PROBLEM REQUIREMENTS :: Scan the records below and copy every line that contains the string "POWER".

____ DATA LISTING

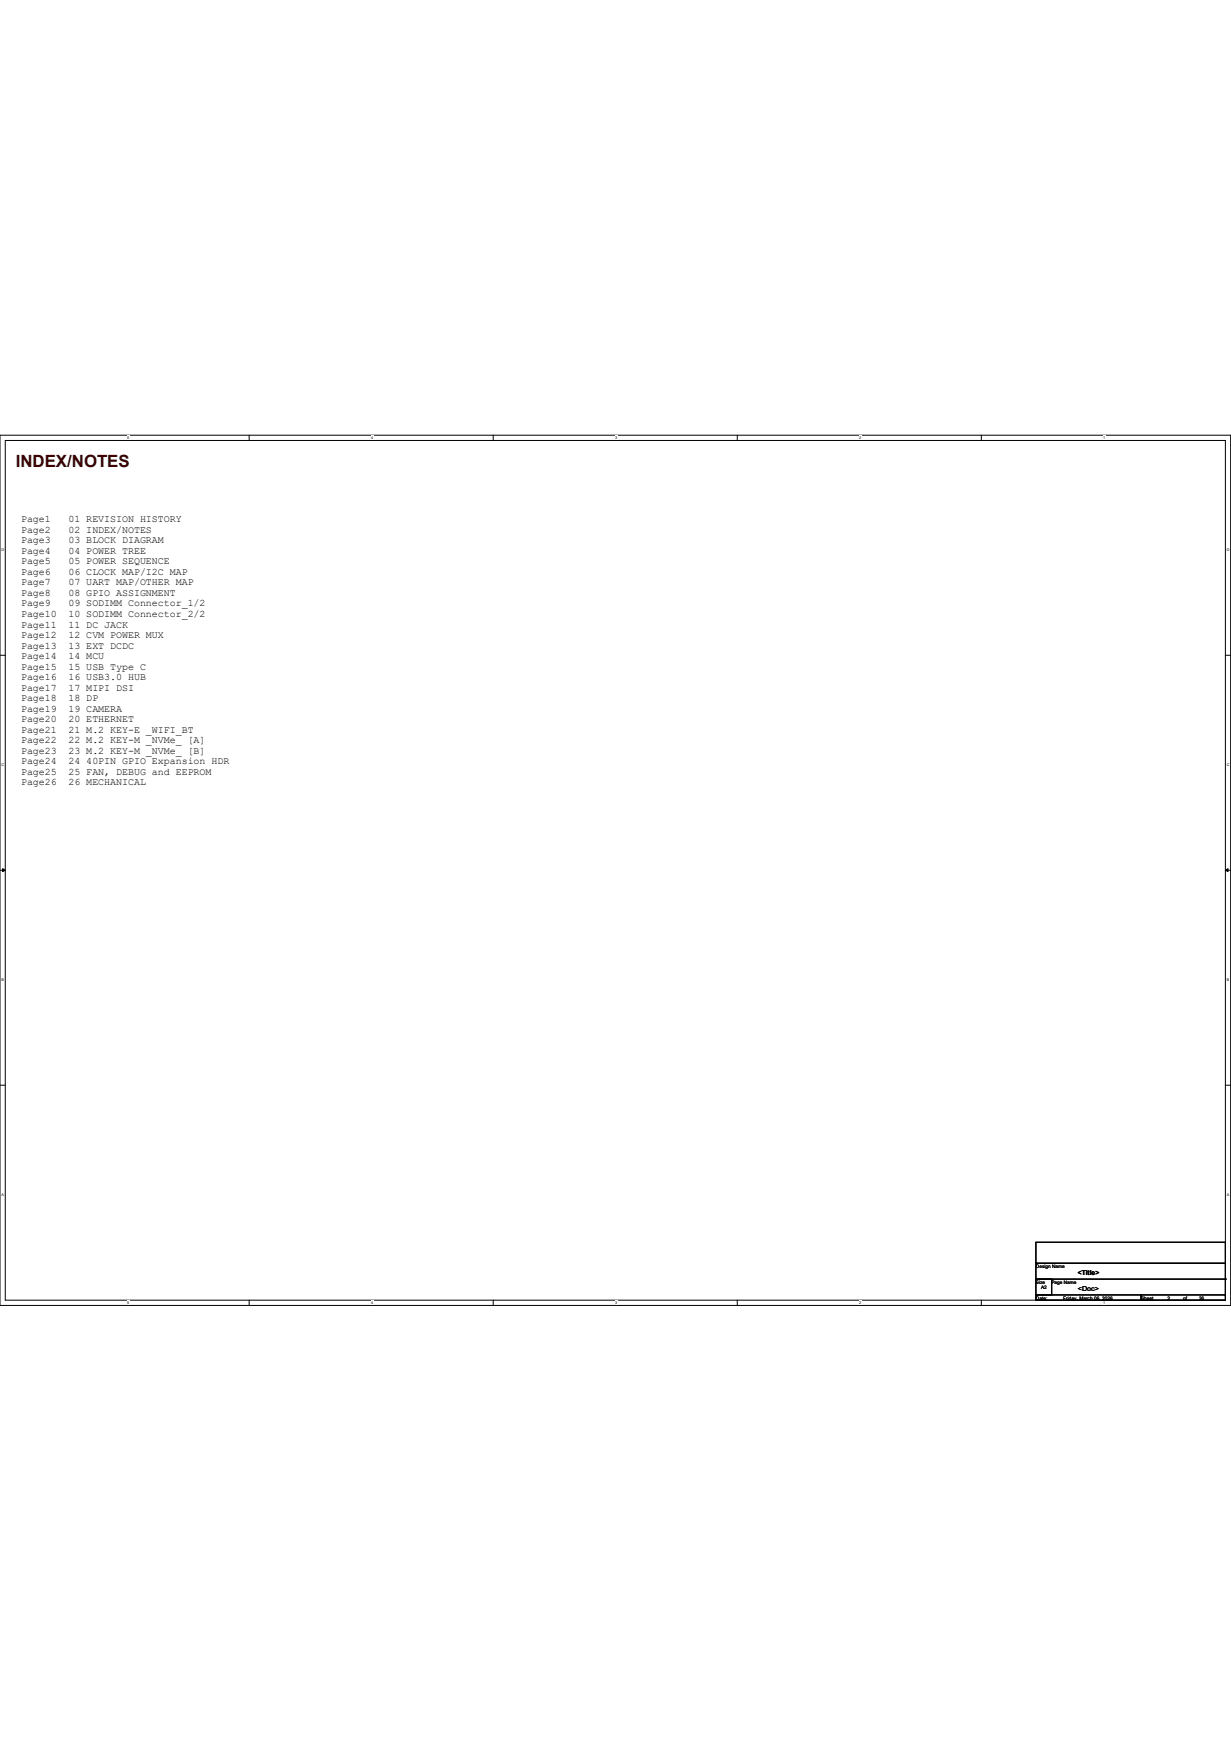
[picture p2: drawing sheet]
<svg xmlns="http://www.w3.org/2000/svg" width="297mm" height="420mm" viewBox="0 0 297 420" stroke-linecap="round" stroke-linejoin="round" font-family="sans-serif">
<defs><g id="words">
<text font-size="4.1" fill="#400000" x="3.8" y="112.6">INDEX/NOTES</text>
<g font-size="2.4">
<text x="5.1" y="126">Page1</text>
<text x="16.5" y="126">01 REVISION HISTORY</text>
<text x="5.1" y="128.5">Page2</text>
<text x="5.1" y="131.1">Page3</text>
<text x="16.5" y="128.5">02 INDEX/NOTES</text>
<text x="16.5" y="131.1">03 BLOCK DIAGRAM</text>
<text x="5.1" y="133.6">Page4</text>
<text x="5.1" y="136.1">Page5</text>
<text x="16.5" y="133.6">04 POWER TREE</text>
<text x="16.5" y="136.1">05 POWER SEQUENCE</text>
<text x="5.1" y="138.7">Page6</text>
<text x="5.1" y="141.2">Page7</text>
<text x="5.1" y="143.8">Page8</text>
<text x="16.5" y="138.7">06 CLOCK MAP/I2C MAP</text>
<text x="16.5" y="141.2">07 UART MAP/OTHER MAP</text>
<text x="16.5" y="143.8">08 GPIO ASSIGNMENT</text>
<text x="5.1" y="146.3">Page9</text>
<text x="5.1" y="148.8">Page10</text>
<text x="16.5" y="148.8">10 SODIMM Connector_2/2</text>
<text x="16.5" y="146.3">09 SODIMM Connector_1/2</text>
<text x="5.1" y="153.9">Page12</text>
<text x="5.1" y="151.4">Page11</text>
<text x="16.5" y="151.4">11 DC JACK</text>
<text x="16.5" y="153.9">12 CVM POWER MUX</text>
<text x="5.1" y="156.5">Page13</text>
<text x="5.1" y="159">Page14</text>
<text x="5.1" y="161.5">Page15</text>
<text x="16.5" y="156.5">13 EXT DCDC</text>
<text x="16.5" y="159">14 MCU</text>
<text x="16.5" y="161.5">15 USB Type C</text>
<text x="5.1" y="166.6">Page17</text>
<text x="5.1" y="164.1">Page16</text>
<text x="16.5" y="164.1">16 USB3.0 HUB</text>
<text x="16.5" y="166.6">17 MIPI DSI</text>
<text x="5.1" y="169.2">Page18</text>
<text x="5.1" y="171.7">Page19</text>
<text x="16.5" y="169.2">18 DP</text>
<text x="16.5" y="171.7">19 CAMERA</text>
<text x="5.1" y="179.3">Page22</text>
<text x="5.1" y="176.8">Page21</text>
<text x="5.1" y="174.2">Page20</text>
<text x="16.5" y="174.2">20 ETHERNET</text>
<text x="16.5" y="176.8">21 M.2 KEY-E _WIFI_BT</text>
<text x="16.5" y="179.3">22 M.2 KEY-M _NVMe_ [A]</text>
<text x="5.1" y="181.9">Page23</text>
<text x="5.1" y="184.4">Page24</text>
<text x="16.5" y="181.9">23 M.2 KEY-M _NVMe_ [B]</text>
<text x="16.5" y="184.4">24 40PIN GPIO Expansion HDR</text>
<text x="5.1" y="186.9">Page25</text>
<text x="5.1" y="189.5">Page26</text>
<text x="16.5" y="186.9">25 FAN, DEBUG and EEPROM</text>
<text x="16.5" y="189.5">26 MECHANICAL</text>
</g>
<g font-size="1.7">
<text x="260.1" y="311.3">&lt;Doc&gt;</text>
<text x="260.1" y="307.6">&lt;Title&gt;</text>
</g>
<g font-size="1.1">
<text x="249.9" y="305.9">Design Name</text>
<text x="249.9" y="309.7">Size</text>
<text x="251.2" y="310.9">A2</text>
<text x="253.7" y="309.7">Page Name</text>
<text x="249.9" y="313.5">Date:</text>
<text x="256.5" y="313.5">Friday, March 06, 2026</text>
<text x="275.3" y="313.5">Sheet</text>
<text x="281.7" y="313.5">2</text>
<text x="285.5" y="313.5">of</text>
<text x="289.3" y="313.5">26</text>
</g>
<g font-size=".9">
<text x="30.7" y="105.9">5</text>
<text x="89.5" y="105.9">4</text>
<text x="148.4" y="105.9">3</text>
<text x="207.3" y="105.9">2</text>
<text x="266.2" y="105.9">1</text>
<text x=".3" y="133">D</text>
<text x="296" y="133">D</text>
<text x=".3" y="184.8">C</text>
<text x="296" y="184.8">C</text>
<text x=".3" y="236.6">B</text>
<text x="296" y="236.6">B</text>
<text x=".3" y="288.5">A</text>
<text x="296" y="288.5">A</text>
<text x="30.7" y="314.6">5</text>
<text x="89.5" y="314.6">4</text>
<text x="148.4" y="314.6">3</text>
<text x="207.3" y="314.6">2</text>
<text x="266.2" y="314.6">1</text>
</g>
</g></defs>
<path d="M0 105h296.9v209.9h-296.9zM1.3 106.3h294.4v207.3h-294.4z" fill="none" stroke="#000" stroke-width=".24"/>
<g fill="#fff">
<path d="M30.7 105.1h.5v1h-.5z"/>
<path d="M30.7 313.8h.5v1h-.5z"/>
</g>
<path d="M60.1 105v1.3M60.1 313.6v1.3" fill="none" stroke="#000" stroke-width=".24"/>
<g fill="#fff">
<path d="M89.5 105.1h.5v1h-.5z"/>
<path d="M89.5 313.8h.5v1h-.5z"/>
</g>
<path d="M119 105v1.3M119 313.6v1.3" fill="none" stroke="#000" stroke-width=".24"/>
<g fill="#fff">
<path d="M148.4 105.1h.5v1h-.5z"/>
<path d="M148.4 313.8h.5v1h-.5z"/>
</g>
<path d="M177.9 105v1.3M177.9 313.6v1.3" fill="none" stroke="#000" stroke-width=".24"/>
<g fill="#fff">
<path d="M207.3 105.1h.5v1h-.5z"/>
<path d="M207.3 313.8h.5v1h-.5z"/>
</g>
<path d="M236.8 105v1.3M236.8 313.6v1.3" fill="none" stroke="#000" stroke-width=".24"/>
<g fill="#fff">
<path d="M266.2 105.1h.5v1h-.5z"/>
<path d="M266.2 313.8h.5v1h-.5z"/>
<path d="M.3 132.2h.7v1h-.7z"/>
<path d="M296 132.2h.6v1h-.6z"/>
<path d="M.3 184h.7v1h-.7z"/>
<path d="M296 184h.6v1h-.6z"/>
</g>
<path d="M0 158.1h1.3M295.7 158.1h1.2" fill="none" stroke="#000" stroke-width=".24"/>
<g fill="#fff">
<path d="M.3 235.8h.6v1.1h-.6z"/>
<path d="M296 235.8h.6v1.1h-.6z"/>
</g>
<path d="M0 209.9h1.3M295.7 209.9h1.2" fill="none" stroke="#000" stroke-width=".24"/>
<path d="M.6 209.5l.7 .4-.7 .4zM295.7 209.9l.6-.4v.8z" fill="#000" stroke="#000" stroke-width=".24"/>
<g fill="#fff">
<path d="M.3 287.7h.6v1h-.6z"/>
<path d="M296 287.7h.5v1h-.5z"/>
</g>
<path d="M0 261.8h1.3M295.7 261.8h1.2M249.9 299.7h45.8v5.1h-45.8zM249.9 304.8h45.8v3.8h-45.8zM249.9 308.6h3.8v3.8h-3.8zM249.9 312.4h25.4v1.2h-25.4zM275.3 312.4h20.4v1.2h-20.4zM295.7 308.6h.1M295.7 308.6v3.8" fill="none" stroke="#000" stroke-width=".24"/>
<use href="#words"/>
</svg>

________

SOLUTION FOR THIS TASK ::
<text x="16.5" y="133.6">04 POWER TREE</text>
<text x="16.5" y="136.1">05 POWER SEQUENCE</text>
<text x="16.5" y="153.9">12 CVM POWER MUX</text>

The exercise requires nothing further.